Our goal is to explore complex decision-making and language environments, exploit their near-optimal strategies while demonstrating their flaws in languages. Ultimately, we aim to enhance human and artificial intelligence (AI) interactions; improving language in AI to be as close to humans and utilizing AI strengths to guide humans in complex decision-making tasks. Extending from Cicero, the first Diplomacy AI agent that has been trained to be optimal in decision-making while also able to communicate in natural language, has been over-claimed that it is human-level. It outperforms humans in terms of reward, however, it lacks essential cooperation and deception skills which are critical components in a competitive setting like Diplomacy.

Although Cicero still falls short of human-level performance in natural language, its strength in strategic modeling presents a valuable opportunity for use as an AI advisory system. To leverage this, we introduce PHOLUS, a system that integrates Cicero's strategic guidance into human play to support decision-making in Diplomacy. Our results show that PHOLUS enables beginners---with little to no prior experience---to achieve performance on par with expert players. This demonstrates the potential of human–AI collaboration, where PHOLUS provides strategic insights that effectively bridge the skill gap between novice and experienced players.

Deception in Diplomacy is notoriously difficult to detect; even experienced human players often fail to recognize it. To address this challenge, we introduce CTRL-D, a framework that outperforms both humans and large language models in identifying deceptive proposals. CTRL-D applies counterfactual reinforcement learning, leveraging Cicero’s rollouts and value model to estimate the potential cost if a proposer were to betray their stated intentions. We frame this analysis through concepts borrowed from scam tactics---bait, switch, and edge---to characterize different forms of deceptive communication. By focusing on Diplomacy’s structured environment, we show that detecting deception is difficult even with clear state and action spaces, underscoring the need for more robust methods in both game and real-world settings.

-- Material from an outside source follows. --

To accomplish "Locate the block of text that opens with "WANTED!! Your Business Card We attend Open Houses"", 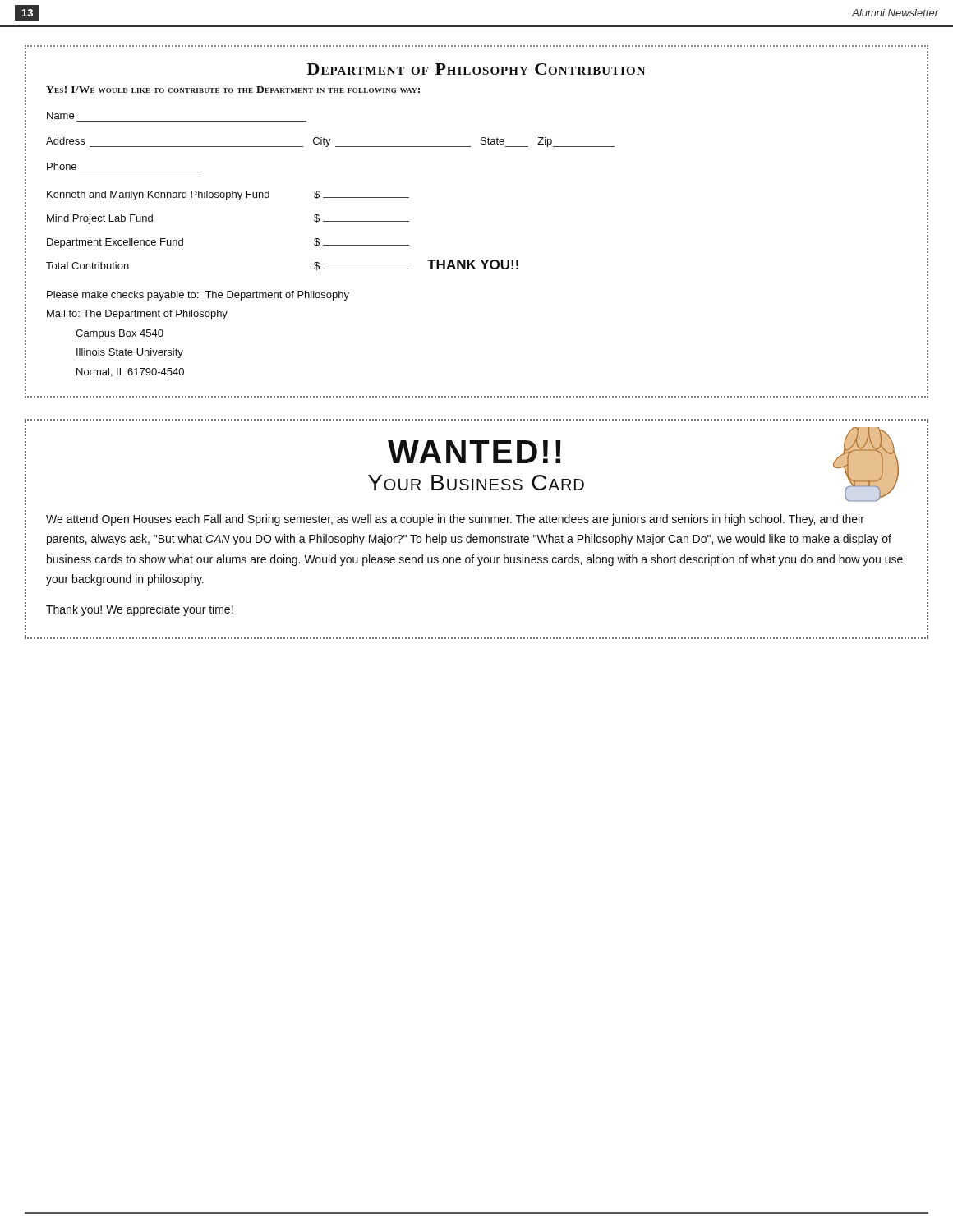I will coord(476,520).

To advance AI communication and strengthen its collaboration with humans, we propose an AI agent that communicates, reasons, and acts like a human expert. Our research follows two directions: (1) behavior cloning and distilling knowledge from obsolete language models to modern language models, where we focus on contexts and methods that require for modern models to learn, (2) training agents for effective negotiation by first grounding language to constrained action spaces, where we can better isolate and evaluate communicative strategies. We design a method and reward verifiers to increase collaborative communication and decisions.

Bio

Wichayaporn is a fifth-year Ph.D. student in Computer Science at the University of Maryland, College Park, advised by Prof. Jordan Boyd-Graber and formerly by Prof. Furong Huang. Her research focuses on developing reinforcement-learning-based methods for human-AI interaction, aligning multi-agent systems with human behavior and preferences. She has published at venues such as ACL, NAACL, ICML, and ICLR.